Let $A$ and $B$ be two nonempty sets. Can we show, without using the Axiom of Choice, that there must either be a surjection $A\to B$ or $B\to A$?
With Choice we can do this by using Zorn to obtain a maximal injective partial function $A\to B$, and then extending it to a surjection in one direction or the other.
No, you cannot show this. For instance, it is consistent to have infinite Dedekind-finite sets whose power set is still Dedekind-finite. Now, if there is a surjection from $A$ to $\omega$, then there is an injection from $\omega$ (indeed, from $\mathcal P(\omega)$) to $\mathcal P(A)$, so $\mathcal P(A)$ is Dedekind-infinite.

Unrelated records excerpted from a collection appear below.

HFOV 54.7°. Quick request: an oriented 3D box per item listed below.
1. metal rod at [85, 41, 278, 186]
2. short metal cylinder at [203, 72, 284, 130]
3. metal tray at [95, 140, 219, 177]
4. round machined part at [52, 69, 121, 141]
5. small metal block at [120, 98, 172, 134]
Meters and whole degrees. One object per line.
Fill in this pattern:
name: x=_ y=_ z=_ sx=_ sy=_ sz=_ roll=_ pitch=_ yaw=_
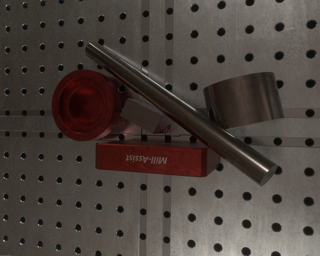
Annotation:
metal rod: x=0.001 y=-0.035 z=0.365 sx=0.300 sy=0.025 sz=0.025 roll=39 pitch=103 yaw=33
short metal cylinder: x=0.093 y=-0.027 z=0.350 sx=0.080 sy=0.080 sz=0.050 roll=-13 pitch=86 yaw=19
metal tray: x=0.000 y=0.033 z=0.377 sx=0.130 sy=0.090 sz=0.030 roll=2 pitch=91 yaw=19
round machined part: x=-0.099 y=-0.031 z=0.437 sx=0.098 sy=0.042 sz=0.097 roll=0 pitch=90 yaw=19
small metal block: x=-0.016 y=-0.015 z=0.404 sx=0.050 sy=0.050 sz=0.025 roll=28 pitch=99 yaw=17
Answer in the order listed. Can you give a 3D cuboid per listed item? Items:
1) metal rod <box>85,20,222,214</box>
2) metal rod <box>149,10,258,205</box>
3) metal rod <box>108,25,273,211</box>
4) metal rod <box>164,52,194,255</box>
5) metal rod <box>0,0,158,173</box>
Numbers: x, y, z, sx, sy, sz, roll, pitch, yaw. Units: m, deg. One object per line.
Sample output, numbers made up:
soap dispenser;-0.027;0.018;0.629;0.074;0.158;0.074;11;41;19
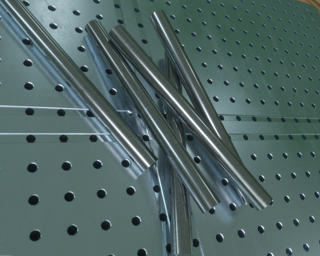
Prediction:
metal rod;-0.019;-0.028;0.396;0.025;0.025;0.299;-19;66;-35
metal rod;0.060;-0.035;0.439;0.025;0.025;0.299;-20;80;-36
metal rod;0.036;-0.017;0.406;0.300;0.025;0.025;50;51;5
metal rod;0.022;0.011;0.414;0.025;0.025;0.299;13;56;-22
metal rod;-0.110;-0.066;0.390;0.300;0.025;0.025;49;51;6
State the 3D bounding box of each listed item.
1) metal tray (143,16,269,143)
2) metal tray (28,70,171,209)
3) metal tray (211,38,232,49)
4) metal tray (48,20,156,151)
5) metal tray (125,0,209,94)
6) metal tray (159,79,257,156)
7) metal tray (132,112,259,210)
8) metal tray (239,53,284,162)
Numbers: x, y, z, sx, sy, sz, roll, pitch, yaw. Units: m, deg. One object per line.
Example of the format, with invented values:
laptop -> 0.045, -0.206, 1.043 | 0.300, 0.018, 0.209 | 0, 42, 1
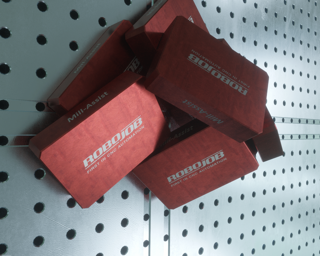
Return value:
metal tray -> 0.056, -0.052, 0.337 | 0.131, 0.030, 0.090 | 28, 57, -16
metal tray -> -0.056, 0.011, 0.329 | 0.131, 0.030, 0.090 | -40, 131, -20
metal tray -> 0.094, -0.063, 0.454 | 0.131, 0.030, 0.090 | 19, 77, -59
metal tray -> -0.052, -0.049, 0.360 | 0.090, 0.030, 0.130 | 46, 62, -30
metal tray -> 0.018, -0.114, 0.395 | 0.090, 0.030, 0.130 | 56, 44, -27
metal tray -> 0.068, -0.008, 0.424 | 0.130, 0.090, 0.030 | 51, 60, -27
metal tray -> 0.043, 0.041, 0.383 | 0.090, 0.130, 0.030 | 51, 18, -29
metal tray -> 0.126, -0.028, 0.428 | 0.090, 0.030, 0.130 | 46, 25, -53
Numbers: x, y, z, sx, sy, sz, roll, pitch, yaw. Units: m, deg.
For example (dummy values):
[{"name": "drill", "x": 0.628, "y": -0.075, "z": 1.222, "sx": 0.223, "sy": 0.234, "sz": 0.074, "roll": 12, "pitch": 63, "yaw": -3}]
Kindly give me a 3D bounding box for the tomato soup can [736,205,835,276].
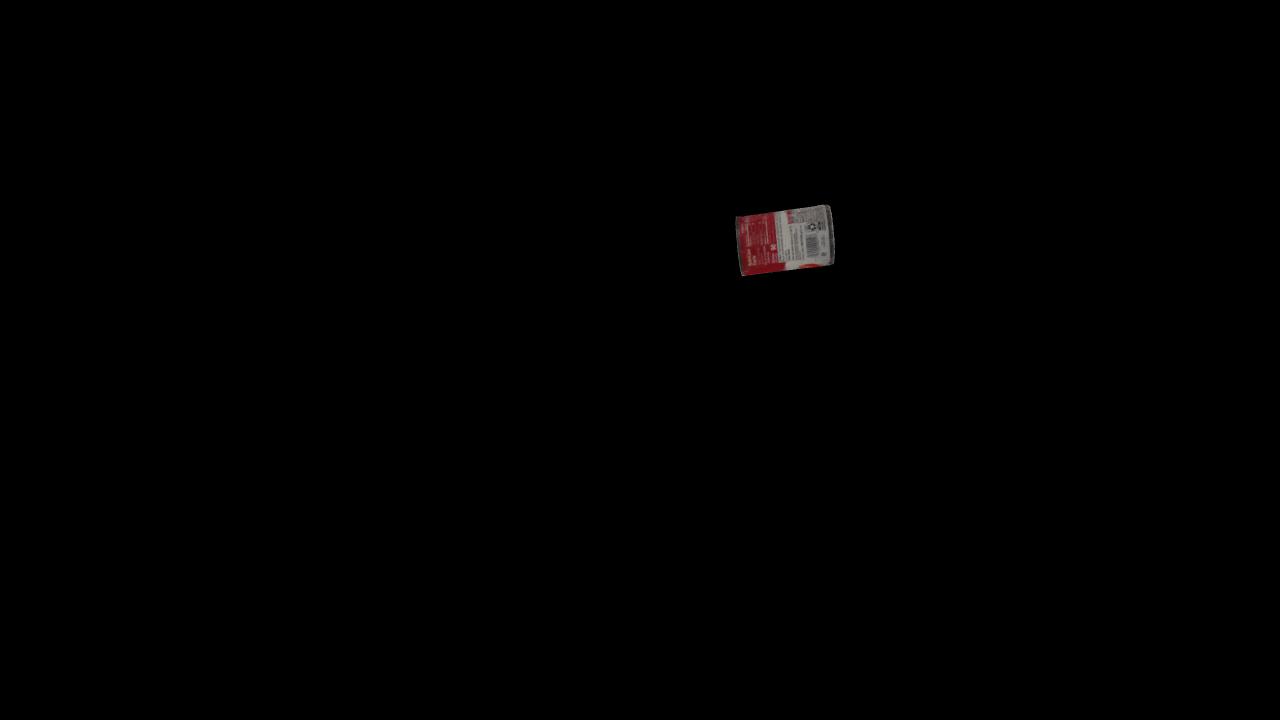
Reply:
[{"name": "tomato soup can", "x": 0.160, "y": -0.133, "z": 0.683, "sx": 0.101, "sy": 0.068, "sz": 0.068, "roll": -6, "pitch": -1, "yaw": 14}]
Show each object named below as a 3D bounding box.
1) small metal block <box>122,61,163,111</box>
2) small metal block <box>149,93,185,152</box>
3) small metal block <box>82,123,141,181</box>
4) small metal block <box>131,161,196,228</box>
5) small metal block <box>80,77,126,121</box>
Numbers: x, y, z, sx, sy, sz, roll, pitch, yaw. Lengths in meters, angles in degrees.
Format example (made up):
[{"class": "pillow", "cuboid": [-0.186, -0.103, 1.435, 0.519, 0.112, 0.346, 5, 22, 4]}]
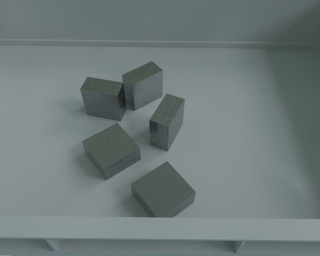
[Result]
[{"class": "small metal block", "cuboid": [-0.024, -0.059, 0.438, 0.050, 0.050, 0.025, -30, 57, -23]}, {"class": "small metal block", "cuboid": [0.009, -0.007, 0.395, 0.025, 0.050, 0.050, 20, 53, 15]}, {"class": "small metal block", "cuboid": [-0.059, 0.028, 0.381, 0.050, 0.025, 0.050, -30, 57, -23]}, {"class": "small metal block", "cuboid": [0.003, 0.073, 0.344, 0.050, 0.025, 0.050, -30, 56, -23]}, {"class": "small metal block", "cuboid": [-0.075, -0.039, 0.420, 0.050, 0.050, 0.025, 11, 51, 8]}]
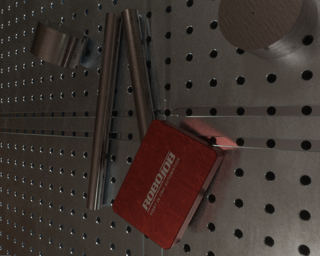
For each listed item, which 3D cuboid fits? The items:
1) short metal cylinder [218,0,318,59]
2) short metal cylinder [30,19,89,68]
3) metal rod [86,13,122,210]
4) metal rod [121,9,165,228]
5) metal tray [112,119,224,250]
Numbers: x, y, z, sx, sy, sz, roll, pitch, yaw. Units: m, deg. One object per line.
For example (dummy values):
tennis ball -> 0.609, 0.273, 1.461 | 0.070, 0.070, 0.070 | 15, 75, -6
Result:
short metal cylinder -> 0.105, -0.112, 0.305 | 0.080, 0.050, 0.079 | 0, 90, 39
short metal cylinder -> -0.163, -0.137, 0.505 | 0.080, 0.081, 0.050 | 37, 113, 33
metal rod -> -0.086, -0.022, 0.477 | 0.025, 0.025, 0.298 | 12, 97, 39
metal rod -> -0.020, -0.018, 0.423 | 0.025, 0.025, 0.298 | -15, 81, 39
metal tray -> 0.007, 0.065, 0.375 | 0.090, 0.030, 0.129 | 29, 99, 24
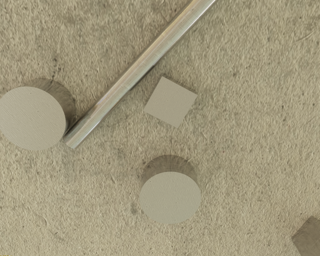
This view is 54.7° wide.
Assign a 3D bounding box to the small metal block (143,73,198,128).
[{"bbox_3d":[0.013,-0.035,0.397,0.050,0.025,0.050,27,108,-10],"label":"small metal block"}]

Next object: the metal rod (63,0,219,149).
[{"bbox_3d":[-0.016,-0.082,0.379,0.025,0.025,0.299,42,104,-14],"label":"metal rod"}]

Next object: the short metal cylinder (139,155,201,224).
[{"bbox_3d":[0.013,0.084,0.428,0.081,0.050,0.079,0,110,-1],"label":"short metal cylinder"}]

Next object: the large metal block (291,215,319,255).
[{"bbox_3d":[0.255,0.187,0.453,0.080,0.080,0.050,28,108,-10],"label":"large metal block"}]

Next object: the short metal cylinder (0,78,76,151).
[{"bbox_3d":[-0.152,-0.018,0.388,0.081,0.050,0.079,0,110,-1],"label":"short metal cylinder"}]
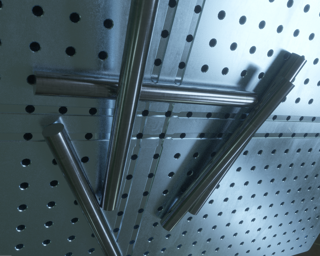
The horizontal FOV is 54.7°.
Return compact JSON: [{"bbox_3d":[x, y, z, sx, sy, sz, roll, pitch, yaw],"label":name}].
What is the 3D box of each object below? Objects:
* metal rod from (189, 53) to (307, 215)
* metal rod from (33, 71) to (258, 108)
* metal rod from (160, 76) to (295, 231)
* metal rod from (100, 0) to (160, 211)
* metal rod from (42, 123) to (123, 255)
[{"bbox_3d":[0.130,0.017,0.495,0.025,0.025,0.299,22,106,-37],"label":"metal rod"},{"bbox_3d":[0.005,-0.044,0.388,0.303,0.025,0.025,1,118,-29],"label":"metal rod"},{"bbox_3d":[0.097,0.048,0.481,0.025,0.025,0.299,25,109,-37],"label":"metal rod"},{"bbox_3d":[-0.041,-0.010,0.355,0.025,0.025,0.298,-5,130,-26],"label":"metal rod"},{"bbox_3d":[-0.094,0.120,0.435,0.025,0.025,0.298,-23,127,-15],"label":"metal rod"}]
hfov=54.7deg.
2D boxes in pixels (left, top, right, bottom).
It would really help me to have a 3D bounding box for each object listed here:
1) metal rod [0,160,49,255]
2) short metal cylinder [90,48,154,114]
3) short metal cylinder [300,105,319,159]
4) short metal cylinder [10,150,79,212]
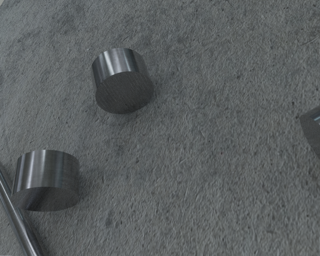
[{"bbox_3d":[-0.183,0.136,0.416,0.025,0.025,0.300,-47,51,-5],"label":"metal rod"},{"bbox_3d":[-0.054,-0.065,0.437,0.080,0.080,0.050,-28,52,11],"label":"short metal cylinder"},{"bbox_3d":[0.171,0.009,0.273,0.050,0.080,0.080,-31,52,8],"label":"short metal cylinder"},{"bbox_3d":[-0.146,0.070,0.403,0.080,0.080,0.050,-20,54,16],"label":"short metal cylinder"}]

Thus, if $\mathcal P(X)$ is infinite Dedekind-finite, then $X$ and $\omega$ are two non-empty sets with no bijections in either direction.
More generally, suppose that $X$ is not well-orderable, and let $\Theta$ be the first non-zero ordinal that $X$ does not surject onto. $\Theta$ clearly exists, since if $f:X\to\alpha$ is onto, then there is a partition of $X$ in type $\alpha$. The collection of partitions of $X$ is a set, and for any partition, there are only set-many orders we can put on its classes, so there are only set-many ordinals that work as $\alpha$.
Ok. Clearly, $\Theta$ does not surject into $X$, or $X$ would be well-orderable, since a subset of $\Theta$ would be in bijection with $X$ (by picking least representatives from each preimage). So $X$ and $\Theta$ are an example.
The original Cohen model for ZF + $\neg$AC gives a counterexample. Cohen adjoins a family $F$ of reals such that very little structure exists on $F$; in particular, it's not hard to show that whenever $r\in\mathbb{R}$ is such that both $F_{<r}$ and $F_{>r}$ are infinite, then there is no surjection from $F_{<r}$ to $F_{>r}$ or from $F_{>r}$ to $F_{<r}$.
Incidentally, this example does not fall into the category Andres mentioned: while $F$ is Dedekind-finite, its powerset is not: the family $$\{F_{<q}:q\in\mathbb{Q}\}$$ can be ordered via your favorite well-ordering of $\mathbb{Q}$, and this yields an embedding of $\omega$ into $\mathcal{P}(F)$.